Though performance is a component of the program, it isn’t the only focus; the JAS Academy also aims to instill skills — in life and in the studio — that will help participants think beyond the sheet music, McBride said, “because musicianship is only a reflection of who you are as a person.”

Hands-on sessions on recording and mixing teach participants how to use the software to package their music; lectures from accomplished pros lend perspective to the business; each session culminates with students presenting electronic press kits marketing their work to a room of bookers and promoters, according to Bergeron, the program director.

“As young jazz students, they think mostly about the music,” Bergeron said in a July 23 interview at the Limelight. “Now, we have to get them to start thinking about, ‘OK, you can make the great music. Now what are you going to do with it?'”

Students participating in the individual/big band session of the Jazz Aspen-Snowmass Academy perform outside the Hotel Jerome on Tuesday, July 27, 2021.
Steve Mundinger/Courtesy photo

Michael Dudley, an alum of the JAS Academy, is one of the faculty members lending expertise to that mission; he teaches recording and production at the program.

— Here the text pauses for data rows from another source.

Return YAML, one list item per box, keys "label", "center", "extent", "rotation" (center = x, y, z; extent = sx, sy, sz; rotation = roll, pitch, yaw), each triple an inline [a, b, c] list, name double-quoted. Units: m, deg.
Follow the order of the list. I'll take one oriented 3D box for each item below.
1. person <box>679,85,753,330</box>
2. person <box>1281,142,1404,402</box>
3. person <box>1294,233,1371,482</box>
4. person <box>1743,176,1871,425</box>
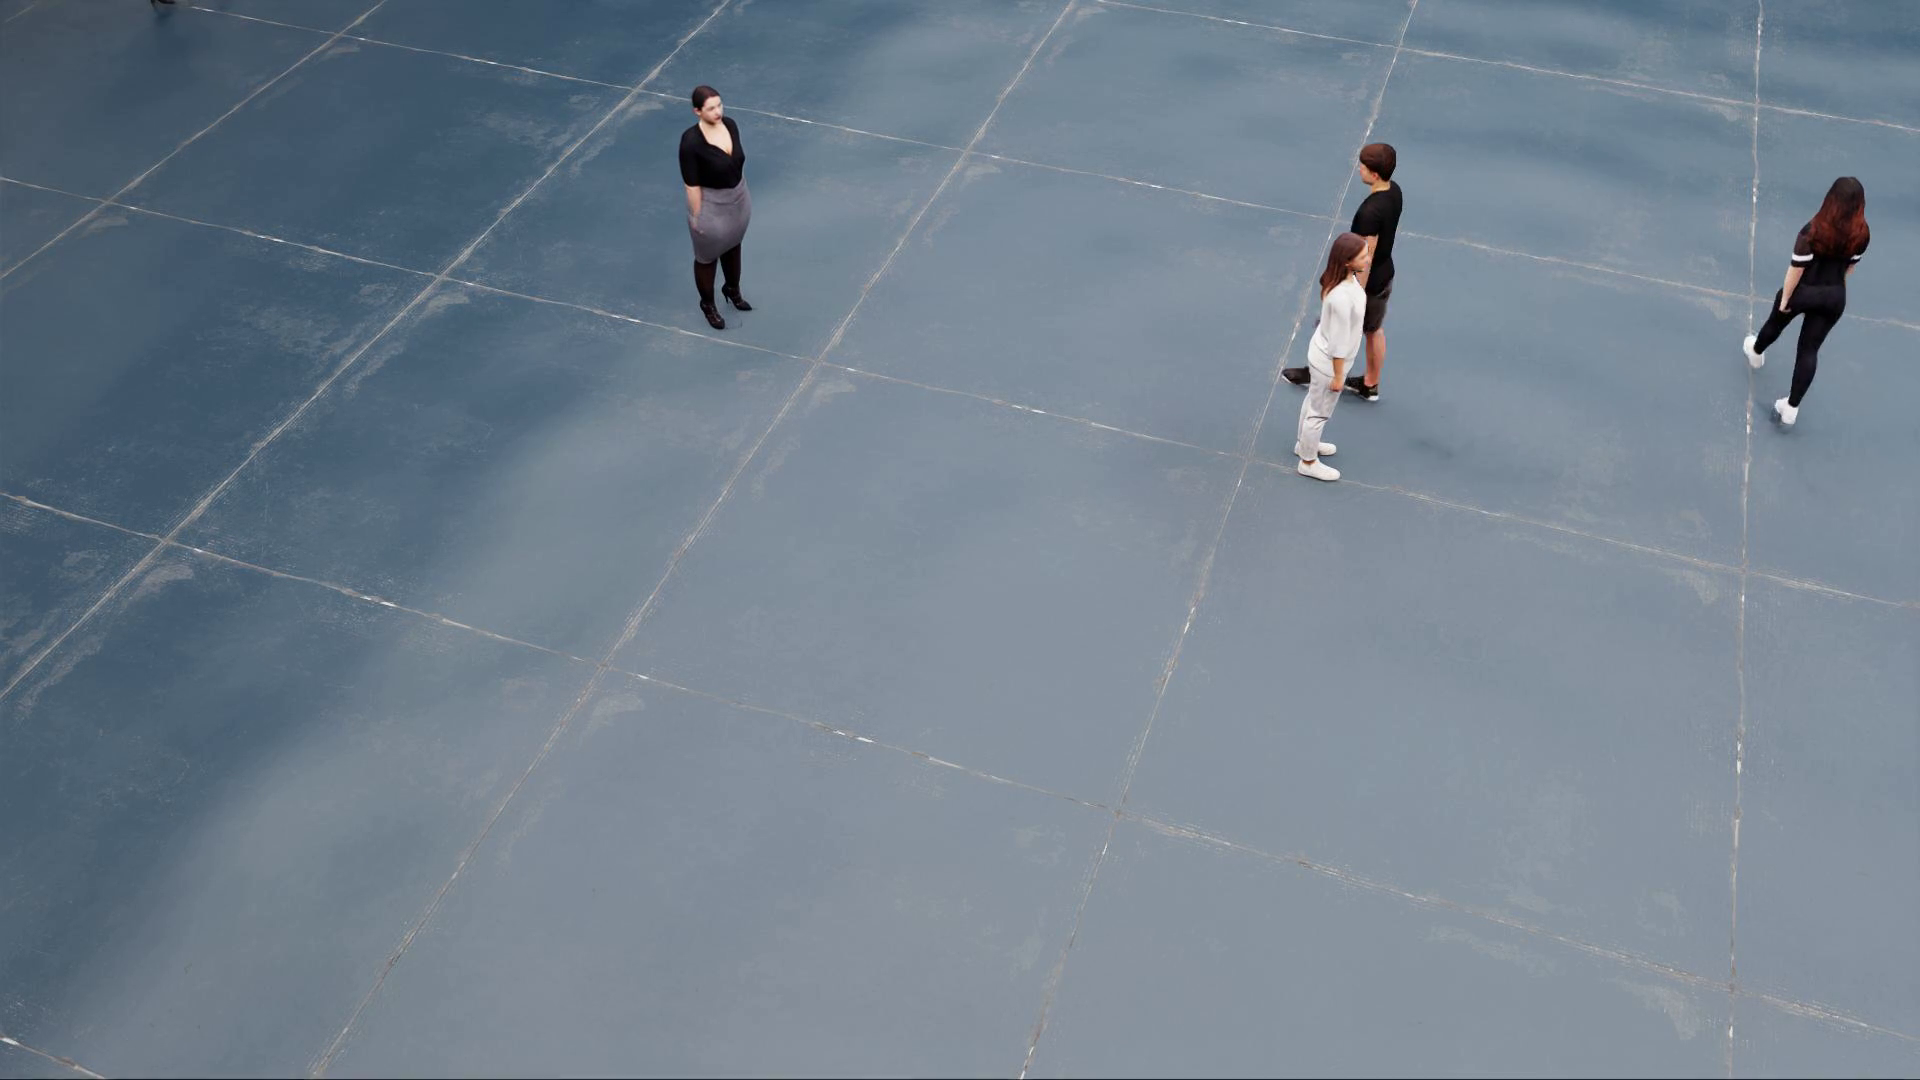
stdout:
- label: "person"
  center: [-1.644, -2.249, 11.191]
  extent: [0.723, 1.760, 0.737]
  rotation: [28, 50, 26]
- label: "person"
  center: [2.638, -1.625, 10.464]
  extent: [0.938, 1.840, 0.810]
  rotation: [23, 48, 23]
- label: "person"
  center: [2.237, -1.116, 10.030]
  extent: [0.613, 1.688, 0.645]
  rotation: [5, 43, 5]
- label: "person"
  center: [5.404, -1.478, 10.492]
  extent: [1.125, 1.587, 0.860]
  rotation: [3, 43, 4]

It has become an almost necessary skill set for the modern musician, Dudley said when he joined Bergeron in a conference room at the Limelight last week; there are so many artists who can perform and produce that to only perform — no matter how well — may no longer be sustainable in the industry.

But knowing how to mix a song isn’t just about eking out a viable living as an artist, Dudley noted. It’s about the collaborative nature of making music, too.

“The more you know about all different parts of this process, the more you can relate to the other people who are a part of it, and so it becomes — it goes back to human connection, and that’s what we do when we play,” Dudley said.